#### [SUPPLIED INFORMATION]
[Start of section]

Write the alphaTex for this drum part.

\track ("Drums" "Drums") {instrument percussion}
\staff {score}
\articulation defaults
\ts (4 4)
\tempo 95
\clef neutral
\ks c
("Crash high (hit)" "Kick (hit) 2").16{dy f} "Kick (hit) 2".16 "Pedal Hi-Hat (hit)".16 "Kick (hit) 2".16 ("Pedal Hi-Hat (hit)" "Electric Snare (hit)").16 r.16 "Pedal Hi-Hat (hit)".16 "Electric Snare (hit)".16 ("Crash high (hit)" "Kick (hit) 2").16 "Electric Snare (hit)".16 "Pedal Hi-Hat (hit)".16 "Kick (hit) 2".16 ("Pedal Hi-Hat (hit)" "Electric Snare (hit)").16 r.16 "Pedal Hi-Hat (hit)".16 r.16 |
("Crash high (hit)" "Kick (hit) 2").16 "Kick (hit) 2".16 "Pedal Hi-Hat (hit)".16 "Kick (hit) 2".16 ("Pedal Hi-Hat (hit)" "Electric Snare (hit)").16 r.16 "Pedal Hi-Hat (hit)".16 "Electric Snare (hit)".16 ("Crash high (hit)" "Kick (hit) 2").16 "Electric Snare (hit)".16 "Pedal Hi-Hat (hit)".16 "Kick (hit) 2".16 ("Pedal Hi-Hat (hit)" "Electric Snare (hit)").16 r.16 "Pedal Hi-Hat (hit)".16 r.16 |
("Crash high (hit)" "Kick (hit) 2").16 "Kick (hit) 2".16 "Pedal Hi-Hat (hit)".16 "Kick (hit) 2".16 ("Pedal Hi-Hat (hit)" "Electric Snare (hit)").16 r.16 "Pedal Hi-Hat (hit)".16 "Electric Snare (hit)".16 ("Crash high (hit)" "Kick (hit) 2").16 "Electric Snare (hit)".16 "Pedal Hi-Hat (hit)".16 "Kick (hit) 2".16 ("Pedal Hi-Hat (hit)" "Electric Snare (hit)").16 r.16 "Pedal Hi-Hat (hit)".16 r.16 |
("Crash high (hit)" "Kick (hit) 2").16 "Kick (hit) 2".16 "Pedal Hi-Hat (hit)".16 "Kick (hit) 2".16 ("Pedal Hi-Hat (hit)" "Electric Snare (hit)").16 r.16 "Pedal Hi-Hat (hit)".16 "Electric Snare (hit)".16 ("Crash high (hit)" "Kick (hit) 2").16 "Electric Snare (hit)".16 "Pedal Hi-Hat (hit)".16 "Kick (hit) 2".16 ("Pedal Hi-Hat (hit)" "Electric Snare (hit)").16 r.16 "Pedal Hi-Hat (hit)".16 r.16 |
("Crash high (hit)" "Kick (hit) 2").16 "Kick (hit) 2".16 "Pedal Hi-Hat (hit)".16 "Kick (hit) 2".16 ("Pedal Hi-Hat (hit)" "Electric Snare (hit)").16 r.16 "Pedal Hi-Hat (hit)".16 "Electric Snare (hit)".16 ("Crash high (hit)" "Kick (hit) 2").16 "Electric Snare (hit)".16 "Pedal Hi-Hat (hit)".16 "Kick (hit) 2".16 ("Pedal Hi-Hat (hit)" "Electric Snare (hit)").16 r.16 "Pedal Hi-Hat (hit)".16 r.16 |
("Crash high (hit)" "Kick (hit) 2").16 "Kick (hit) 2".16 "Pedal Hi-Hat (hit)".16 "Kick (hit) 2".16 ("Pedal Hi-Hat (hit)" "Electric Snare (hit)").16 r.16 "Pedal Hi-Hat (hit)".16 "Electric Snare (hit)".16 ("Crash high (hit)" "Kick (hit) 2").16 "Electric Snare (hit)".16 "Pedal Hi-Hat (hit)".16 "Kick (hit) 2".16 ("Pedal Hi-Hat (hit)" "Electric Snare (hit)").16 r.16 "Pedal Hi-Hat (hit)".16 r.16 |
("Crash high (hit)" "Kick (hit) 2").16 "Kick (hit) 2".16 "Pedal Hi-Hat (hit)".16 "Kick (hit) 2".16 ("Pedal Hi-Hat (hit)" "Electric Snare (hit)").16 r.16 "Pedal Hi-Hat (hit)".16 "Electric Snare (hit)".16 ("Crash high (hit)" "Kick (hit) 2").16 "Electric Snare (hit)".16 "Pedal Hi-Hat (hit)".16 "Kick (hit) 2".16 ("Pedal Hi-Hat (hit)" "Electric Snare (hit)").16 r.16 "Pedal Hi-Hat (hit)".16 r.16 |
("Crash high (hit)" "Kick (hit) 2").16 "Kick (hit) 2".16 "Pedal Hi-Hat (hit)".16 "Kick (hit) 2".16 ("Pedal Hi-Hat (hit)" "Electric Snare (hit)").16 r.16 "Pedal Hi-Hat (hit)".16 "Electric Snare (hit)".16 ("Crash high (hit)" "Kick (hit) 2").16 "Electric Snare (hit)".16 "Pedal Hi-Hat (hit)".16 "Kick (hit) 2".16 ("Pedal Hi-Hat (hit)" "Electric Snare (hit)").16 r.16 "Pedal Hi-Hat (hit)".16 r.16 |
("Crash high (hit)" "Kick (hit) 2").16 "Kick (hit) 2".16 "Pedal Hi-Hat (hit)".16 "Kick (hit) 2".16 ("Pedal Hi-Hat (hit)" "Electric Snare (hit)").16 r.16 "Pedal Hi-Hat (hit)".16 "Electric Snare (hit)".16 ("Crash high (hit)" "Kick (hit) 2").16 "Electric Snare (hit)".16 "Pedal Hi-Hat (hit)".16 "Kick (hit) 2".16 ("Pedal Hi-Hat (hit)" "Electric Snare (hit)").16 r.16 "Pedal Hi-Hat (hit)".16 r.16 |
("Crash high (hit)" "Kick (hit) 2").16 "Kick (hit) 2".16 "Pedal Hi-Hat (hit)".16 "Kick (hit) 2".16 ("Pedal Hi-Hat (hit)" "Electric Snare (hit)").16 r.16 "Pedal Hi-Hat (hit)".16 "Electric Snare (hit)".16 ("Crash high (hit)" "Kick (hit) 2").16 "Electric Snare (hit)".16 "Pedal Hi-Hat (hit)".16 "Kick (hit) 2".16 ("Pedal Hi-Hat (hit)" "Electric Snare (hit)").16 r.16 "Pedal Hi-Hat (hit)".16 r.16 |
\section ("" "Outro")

[End of section]

Every line of the listing must be written out again exactly.

#### [RESPONSE AREA]
Write the alphaTex for this drum part.

\track ("Drums" "Drums") {instrument percussion}
\staff {score}
\articulation defaults
\ts (4 4)
\tempo 95
\clef neutral
\ks c
("Crash high (hit)" "Kick (hit) 2").16{dy f} "Kick (hit) 2".16 "Pedal Hi-Hat (hit)".16 "Kick (hit) 2".16 ("Pedal Hi-Hat (hit)" "Electric Snare (hit)").16 r.16 "Pedal Hi-Hat (hit)".16 "Electric Snare (hit)".16 ("Crash high (hit)" "Kick (hit) 2").16 "Electric Snare (hit)".16 "Pedal Hi-Hat (hit)".16 "Kick (hit) 2".16 ("Pedal Hi-Hat (hit)" "Electric Snare (hit)").16 r.16 "Pedal Hi-Hat (hit)".16 r.16 |
("Crash high (hit)" "Kick (hit) 2").16 "Kick (hit) 2".16 "Pedal Hi-Hat (hit)".16 "Kick (hit) 2".16 ("Pedal Hi-Hat (hit)" "Electric Snare (hit)").16 r.16 "Pedal Hi-Hat (hit)".16 "Electric Snare (hit)".16 ("Crash high (hit)" "Kick (hit) 2").16 "Electric Snare (hit)".16 "Pedal Hi-Hat (hit)".16 "Kick (hit) 2".16 ("Pedal Hi-Hat (hit)" "Electric Snare (hit)").16 r.16 "Pedal Hi-Hat (hit)".16 r.16 |
("Crash high (hit)" "Kick (hit) 2").16 "Kick (hit) 2".16 "Pedal Hi-Hat (hit)".16 "Kick (hit) 2".16 ("Pedal Hi-Hat (hit)" "Electric Snare (hit)").16 r.16 "Pedal Hi-Hat (hit)".16 "Electric Snare (hit)".16 ("Crash high (hit)" "Kick (hit) 2").16 "Electric Snare (hit)".16 "Pedal Hi-Hat (hit)".16 "Kick (hit) 2".16 ("Pedal Hi-Hat (hit)" "Electric Snare (hit)").16 r.16 "Pedal Hi-Hat (hit)".16 r.16 |
("Crash high (hit)" "Kick (hit) 2").16 "Kick (hit) 2".16 "Pedal Hi-Hat (hit)".16 "Kick (hit) 2".16 ("Pedal Hi-Hat (hit)" "Electric Snare (hit)").16 r.16 "Pedal Hi-Hat (hit)".16 "Electric Snare (hit)".16 ("Crash high (hit)" "Kick (hit) 2").16 "Electric Snare (hit)".16 "Pedal Hi-Hat (hit)".16 "Kick (hit) 2".16 ("Pedal Hi-Hat (hit)" "Electric Snare (hit)").16 r.16 "Pedal Hi-Hat (hit)".16 r.16 |
("Crash high (hit)" "Kick (hit) 2").16 "Kick (hit) 2".16 "Pedal Hi-Hat (hit)".16 "Kick (hit) 2".16 ("Pedal Hi-Hat (hit)" "Electric Snare (hit)").16 r.16 "Pedal Hi-Hat (hit)".16 "Electric Snare (hit)".16 ("Crash high (hit)" "Kick (hit) 2").16 "Electric Snare (hit)".16 "Pedal Hi-Hat (hit)".16 "Kick (hit) 2".16 ("Pedal Hi-Hat (hit)" "Electric Snare (hit)").16 r.16 "Pedal Hi-Hat (hit)".16 r.16 |
("Crash high (hit)" "Kick (hit) 2").16 "Kick (hit) 2".16 "Pedal Hi-Hat (hit)".16 "Kick (hit) 2".16 ("Pedal Hi-Hat (hit)" "Electric Snare (hit)").16 r.16 "Pedal Hi-Hat (hit)".16 "Electric Snare (hit)".16 ("Crash high (hit)" "Kick (hit) 2").16 "Electric Snare (hit)".16 "Pedal Hi-Hat (hit)".16 "Kick (hit) 2".16 ("Pedal Hi-Hat (hit)" "Electric Snare (hit)").16 r.16 "Pedal Hi-Hat (hit)".16 r.16 |
("Crash high (hit)" "Kick (hit) 2").16 "Kick (hit) 2".16 "Pedal Hi-Hat (hit)".16 "Kick (hit) 2".16 ("Pedal Hi-Hat (hit)" "Electric Snare (hit)").16 r.16 "Pedal Hi-Hat (hit)".16 "Electric Snare (hit)".16 ("Crash high (hit)" "Kick (hit) 2").16 "Electric Snare (hit)".16 "Pedal Hi-Hat (hit)".16 "Kick (hit) 2".16 ("Pedal Hi-Hat (hit)" "Electric Snare (hit)").16 r.16 "Pedal Hi-Hat (hit)".16 r.16 |
("Crash high (hit)" "Kick (hit) 2").16 "Kick (hit) 2".16 "Pedal Hi-Hat (hit)".16 "Kick (hit) 2".16 ("Pedal Hi-Hat (hit)" "Electric Snare (hit)").16 r.16 "Pedal Hi-Hat (hit)".16 "Electric Snare (hit)".16 ("Crash high (hit)" "Kick (hit) 2").16 "Electric Snare (hit)".16 "Pedal Hi-Hat (hit)".16 "Kick (hit) 2".16 ("Pedal Hi-Hat (hit)" "Electric Snare (hit)").16 r.16 "Pedal Hi-Hat (hit)".16 r.16 |
("Crash high (hit)" "Kick (hit) 2").16 "Kick (hit) 2".16 "Pedal Hi-Hat (hit)".16 "Kick (hit) 2".16 ("Pedal Hi-Hat (hit)" "Electric Snare (hit)").16 r.16 "Pedal Hi-Hat (hit)".16 "Electric Snare (hit)".16 ("Crash high (hit)" "Kick (hit) 2").16 "Electric Snare (hit)".16 "Pedal Hi-Hat (hit)".16 "Kick (hit) 2".16 ("Pedal Hi-Hat (hit)" "Electric Snare (hit)").16 r.16 "Pedal Hi-Hat (hit)".16 r.16 |
("Crash high (hit)" "Kick (hit) 2").16 "Kick (hit) 2".16 "Pedal Hi-Hat (hit)".16 "Kick (hit) 2".16 ("Pedal Hi-Hat (hit)" "Electric Snare (hit)").16 r.16 "Pedal Hi-Hat (hit)".16 "Electric Snare (hit)".16 ("Crash high (hit)" "Kick (hit) 2").16 "Electric Snare (hit)".16 "Pedal Hi-Hat (hit)".16 "Kick (hit) 2".16 ("Pedal Hi-Hat (hit)" "Electric Snare (hit)").16 r.16 "Pedal Hi-Hat (hit)".16 r.16 |
\section ("" "Outro")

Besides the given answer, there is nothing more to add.